## TASK DIRECTIONS
Your answer should repeat every record verbatim.

··· MATERIAL PROVIDED

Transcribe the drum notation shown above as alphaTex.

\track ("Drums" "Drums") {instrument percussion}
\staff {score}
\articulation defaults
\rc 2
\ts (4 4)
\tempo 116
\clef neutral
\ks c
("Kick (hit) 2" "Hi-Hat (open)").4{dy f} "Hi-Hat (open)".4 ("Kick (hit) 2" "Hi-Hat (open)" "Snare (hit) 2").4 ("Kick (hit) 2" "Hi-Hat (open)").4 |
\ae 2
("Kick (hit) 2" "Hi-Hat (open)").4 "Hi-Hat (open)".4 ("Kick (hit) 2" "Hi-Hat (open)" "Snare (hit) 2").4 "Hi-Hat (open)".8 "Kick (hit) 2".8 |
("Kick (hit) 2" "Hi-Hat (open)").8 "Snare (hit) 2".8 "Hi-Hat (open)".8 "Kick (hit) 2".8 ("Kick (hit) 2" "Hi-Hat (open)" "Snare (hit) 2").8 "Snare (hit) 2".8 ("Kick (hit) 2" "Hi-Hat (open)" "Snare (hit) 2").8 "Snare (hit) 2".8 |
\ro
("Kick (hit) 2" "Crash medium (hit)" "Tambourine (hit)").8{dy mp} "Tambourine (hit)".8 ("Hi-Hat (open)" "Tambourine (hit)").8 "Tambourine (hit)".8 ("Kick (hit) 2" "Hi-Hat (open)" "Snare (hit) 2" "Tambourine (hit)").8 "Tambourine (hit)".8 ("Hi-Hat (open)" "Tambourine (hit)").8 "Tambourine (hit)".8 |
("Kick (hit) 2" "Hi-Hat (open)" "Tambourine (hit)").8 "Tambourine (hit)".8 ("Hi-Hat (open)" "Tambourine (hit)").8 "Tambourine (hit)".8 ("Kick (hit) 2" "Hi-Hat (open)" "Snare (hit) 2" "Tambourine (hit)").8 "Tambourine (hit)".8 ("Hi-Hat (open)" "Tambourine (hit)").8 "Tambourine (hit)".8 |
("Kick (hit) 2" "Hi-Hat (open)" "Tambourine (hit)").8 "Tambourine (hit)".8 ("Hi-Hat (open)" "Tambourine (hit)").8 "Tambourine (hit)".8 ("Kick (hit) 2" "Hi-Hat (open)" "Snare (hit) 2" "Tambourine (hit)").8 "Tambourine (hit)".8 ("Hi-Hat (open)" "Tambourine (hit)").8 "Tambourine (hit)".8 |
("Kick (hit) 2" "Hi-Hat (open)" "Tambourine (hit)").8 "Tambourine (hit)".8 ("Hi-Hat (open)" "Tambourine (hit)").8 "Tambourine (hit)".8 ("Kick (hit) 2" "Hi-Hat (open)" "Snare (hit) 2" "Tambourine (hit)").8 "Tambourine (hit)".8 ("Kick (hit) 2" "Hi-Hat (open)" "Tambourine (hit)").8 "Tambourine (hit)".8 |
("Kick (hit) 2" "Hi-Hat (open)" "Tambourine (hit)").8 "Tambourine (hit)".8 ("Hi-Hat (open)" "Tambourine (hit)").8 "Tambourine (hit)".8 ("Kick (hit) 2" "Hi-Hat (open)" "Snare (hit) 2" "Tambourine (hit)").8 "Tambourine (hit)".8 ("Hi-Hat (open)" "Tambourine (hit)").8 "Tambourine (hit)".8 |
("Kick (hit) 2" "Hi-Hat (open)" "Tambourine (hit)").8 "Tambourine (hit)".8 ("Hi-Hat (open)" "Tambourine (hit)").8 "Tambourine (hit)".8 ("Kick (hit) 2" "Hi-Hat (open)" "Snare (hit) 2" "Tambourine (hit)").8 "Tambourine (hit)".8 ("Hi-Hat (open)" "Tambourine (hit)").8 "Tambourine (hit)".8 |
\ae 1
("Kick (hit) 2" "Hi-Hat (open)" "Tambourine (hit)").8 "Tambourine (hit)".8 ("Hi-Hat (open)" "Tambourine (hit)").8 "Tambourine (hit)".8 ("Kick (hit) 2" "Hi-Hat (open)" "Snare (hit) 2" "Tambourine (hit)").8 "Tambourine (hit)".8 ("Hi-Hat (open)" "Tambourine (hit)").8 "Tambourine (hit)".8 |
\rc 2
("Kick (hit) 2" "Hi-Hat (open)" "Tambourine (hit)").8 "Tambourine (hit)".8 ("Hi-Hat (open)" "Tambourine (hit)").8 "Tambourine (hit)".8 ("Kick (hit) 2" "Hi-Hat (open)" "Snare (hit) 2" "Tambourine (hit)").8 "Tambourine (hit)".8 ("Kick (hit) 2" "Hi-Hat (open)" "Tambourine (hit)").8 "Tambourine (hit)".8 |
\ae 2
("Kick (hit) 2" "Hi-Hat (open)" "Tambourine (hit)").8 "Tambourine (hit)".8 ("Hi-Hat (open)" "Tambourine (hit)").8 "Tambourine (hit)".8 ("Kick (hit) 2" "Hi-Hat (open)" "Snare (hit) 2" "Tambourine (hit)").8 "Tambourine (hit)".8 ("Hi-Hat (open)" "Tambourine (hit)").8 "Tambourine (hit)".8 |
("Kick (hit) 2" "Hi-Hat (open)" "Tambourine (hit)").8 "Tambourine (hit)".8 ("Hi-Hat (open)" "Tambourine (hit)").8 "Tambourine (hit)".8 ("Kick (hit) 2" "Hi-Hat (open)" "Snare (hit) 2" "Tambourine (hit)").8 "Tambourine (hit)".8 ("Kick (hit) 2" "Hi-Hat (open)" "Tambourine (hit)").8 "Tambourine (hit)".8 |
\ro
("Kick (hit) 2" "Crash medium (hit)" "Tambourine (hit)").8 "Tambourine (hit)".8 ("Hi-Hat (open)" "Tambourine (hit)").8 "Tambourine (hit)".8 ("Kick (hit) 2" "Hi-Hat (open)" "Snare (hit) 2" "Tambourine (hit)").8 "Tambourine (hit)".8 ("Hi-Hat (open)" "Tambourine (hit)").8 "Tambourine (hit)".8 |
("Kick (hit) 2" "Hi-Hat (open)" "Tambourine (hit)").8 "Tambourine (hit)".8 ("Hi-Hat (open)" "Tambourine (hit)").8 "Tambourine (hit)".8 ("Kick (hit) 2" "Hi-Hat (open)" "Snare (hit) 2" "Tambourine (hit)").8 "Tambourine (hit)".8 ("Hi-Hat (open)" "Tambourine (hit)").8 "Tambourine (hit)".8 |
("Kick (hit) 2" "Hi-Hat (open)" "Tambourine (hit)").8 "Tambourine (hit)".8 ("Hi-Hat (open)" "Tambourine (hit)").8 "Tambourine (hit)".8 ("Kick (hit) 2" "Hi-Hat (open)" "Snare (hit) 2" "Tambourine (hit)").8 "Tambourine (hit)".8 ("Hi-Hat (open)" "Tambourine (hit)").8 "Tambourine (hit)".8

······

## EXERCISE RESPONSE
Transcribe the drum notation shown above as alphaTex.

\track ("Drums" "Drums") {instrument percussion}
\staff {score}
\articulation defaults
\rc 2
\ts (4 4)
\tempo 116
\clef neutral
\ks c
("Kick (hit) 2" "Hi-Hat (open)").4{dy f} "Hi-Hat (open)".4 ("Kick (hit) 2" "Hi-Hat (open)" "Snare (hit) 2").4 ("Kick (hit) 2" "Hi-Hat (open)").4 |
\ae 2
("Kick (hit) 2" "Hi-Hat (open)").4 "Hi-Hat (open)".4 ("Kick (hit) 2" "Hi-Hat (open)" "Snare (hit) 2").4 "Hi-Hat (open)".8 "Kick (hit) 2".8 |
("Kick (hit) 2" "Hi-Hat (open)").8 "Snare (hit) 2".8 "Hi-Hat (open)".8 "Kick (hit) 2".8 ("Kick (hit) 2" "Hi-Hat (open)" "Snare (hit) 2").8 "Snare (hit) 2".8 ("Kick (hit) 2" "Hi-Hat (open)" "Snare (hit) 2").8 "Snare (hit) 2".8 |
\ro
("Kick (hit) 2" "Crash medium (hit)" "Tambourine (hit)").8{dy mp} "Tambourine (hit)".8 ("Hi-Hat (open)" "Tambourine (hit)").8 "Tambourine (hit)".8 ("Kick (hit) 2" "Hi-Hat (open)" "Snare (hit) 2" "Tambourine (hit)").8 "Tambourine (hit)".8 ("Hi-Hat (open)" "Tambourine (hit)").8 "Tambourine (hit)".8 |
("Kick (hit) 2" "Hi-Hat (open)" "Tambourine (hit)").8 "Tambourine (hit)".8 ("Hi-Hat (open)" "Tambourine (hit)").8 "Tambourine (hit)".8 ("Kick (hit) 2" "Hi-Hat (open)" "Snare (hit) 2" "Tambourine (hit)").8 "Tambourine (hit)".8 ("Hi-Hat (open)" "Tambourine (hit)").8 "Tambourine (hit)".8 |
("Kick (hit) 2" "Hi-Hat (open)" "Tambourine (hit)").8 "Tambourine (hit)".8 ("Hi-Hat (open)" "Tambourine (hit)").8 "Tambourine (hit)".8 ("Kick (hit) 2" "Hi-Hat (open)" "Snare (hit) 2" "Tambourine (hit)").8 "Tambourine (hit)".8 ("Hi-Hat (open)" "Tambourine (hit)").8 "Tambourine (hit)".8 |
("Kick (hit) 2" "Hi-Hat (open)" "Tambourine (hit)").8 "Tambourine (hit)".8 ("Hi-Hat (open)" "Tambourine (hit)").8 "Tambourine (hit)".8 ("Kick (hit) 2" "Hi-Hat (open)" "Snare (hit) 2" "Tambourine (hit)").8 "Tambourine (hit)".8 ("Kick (hit) 2" "Hi-Hat (open)" "Tambourine (hit)").8 "Tambourine (hit)".8 |
("Kick (hit) 2" "Hi-Hat (open)" "Tambourine (hit)").8 "Tambourine (hit)".8 ("Hi-Hat (open)" "Tambourine (hit)").8 "Tambourine (hit)".8 ("Kick (hit) 2" "Hi-Hat (open)" "Snare (hit) 2" "Tambourine (hit)").8 "Tambourine (hit)".8 ("Hi-Hat (open)" "Tambourine (hit)").8 "Tambourine (hit)".8 |
("Kick (hit) 2" "Hi-Hat (open)" "Tambourine (hit)").8 "Tambourine (hit)".8 ("Hi-Hat (open)" "Tambourine (hit)").8 "Tambourine (hit)".8 ("Kick (hit) 2" "Hi-Hat (open)" "Snare (hit) 2" "Tambourine (hit)").8 "Tambourine (hit)".8 ("Hi-Hat (open)" "Tambourine (hit)").8 "Tambourine (hit)".8 |
\ae 1
("Kick (hit) 2" "Hi-Hat (open)" "Tambourine (hit)").8 "Tambourine (hit)".8 ("Hi-Hat (open)" "Tambourine (hit)").8 "Tambourine (hit)".8 ("Kick (hit) 2" "Hi-Hat (open)" "Snare (hit) 2" "Tambourine (hit)").8 "Tambourine (hit)".8 ("Hi-Hat (open)" "Tambourine (hit)").8 "Tambourine (hit)".8 |
\rc 2
("Kick (hit) 2" "Hi-Hat (open)" "Tambourine (hit)").8 "Tambourine (hit)".8 ("Hi-Hat (open)" "Tambourine (hit)").8 "Tambourine (hit)".8 ("Kick (hit) 2" "Hi-Hat (open)" "Snare (hit) 2" "Tambourine (hit)").8 "Tambourine (hit)".8 ("Kick (hit) 2" "Hi-Hat (open)" "Tambourine (hit)").8 "Tambourine (hit)".8 |
\ae 2
("Kick (hit) 2" "Hi-Hat (open)" "Tambourine (hit)").8 "Tambourine (hit)".8 ("Hi-Hat (open)" "Tambourine (hit)").8 "Tambourine (hit)".8 ("Kick (hit) 2" "Hi-Hat (open)" "Snare (hit) 2" "Tambourine (hit)").8 "Tambourine (hit)".8 ("Hi-Hat (open)" "Tambourine (hit)").8 "Tambourine (hit)".8 |
("Kick (hit) 2" "Hi-Hat (open)" "Tambourine (hit)").8 "Tambourine (hit)".8 ("Hi-Hat (open)" "Tambourine (hit)").8 "Tambourine (hit)".8 ("Kick (hit) 2" "Hi-Hat (open)" "Snare (hit) 2" "Tambourine (hit)").8 "Tambourine (hit)".8 ("Kick (hit) 2" "Hi-Hat (open)" "Tambourine (hit)").8 "Tambourine (hit)".8 |
\ro
("Kick (hit) 2" "Crash medium (hit)" "Tambourine (hit)").8 "Tambourine (hit)".8 ("Hi-Hat (open)" "Tambourine (hit)").8 "Tambourine (hit)".8 ("Kick (hit) 2" "Hi-Hat (open)" "Snare (hit) 2" "Tambourine (hit)").8 "Tambourine (hit)".8 ("Hi-Hat (open)" "Tambourine (hit)").8 "Tambourine (hit)".8 |
("Kick (hit) 2" "Hi-Hat (open)" "Tambourine (hit)").8 "Tambourine (hit)".8 ("Hi-Hat (open)" "Tambourine (hit)").8 "Tambourine (hit)".8 ("Kick (hit) 2" "Hi-Hat (open)" "Snare (hit) 2" "Tambourine (hit)").8 "Tambourine (hit)".8 ("Hi-Hat (open)" "Tambourine (hit)").8 "Tambourine (hit)".8 |
("Kick (hit) 2" "Hi-Hat (open)" "Tambourine (hit)").8 "Tambourine (hit)".8 ("Hi-Hat (open)" "Tambourine (hit)").8 "Tambourine (hit)".8 ("Kick (hit) 2" "Hi-Hat (open)" "Snare (hit) 2" "Tambourine (hit)").8 "Tambourine (hit)".8 ("Hi-Hat (open)" "Tambourine (hit)").8 "Tambourine (hit)".8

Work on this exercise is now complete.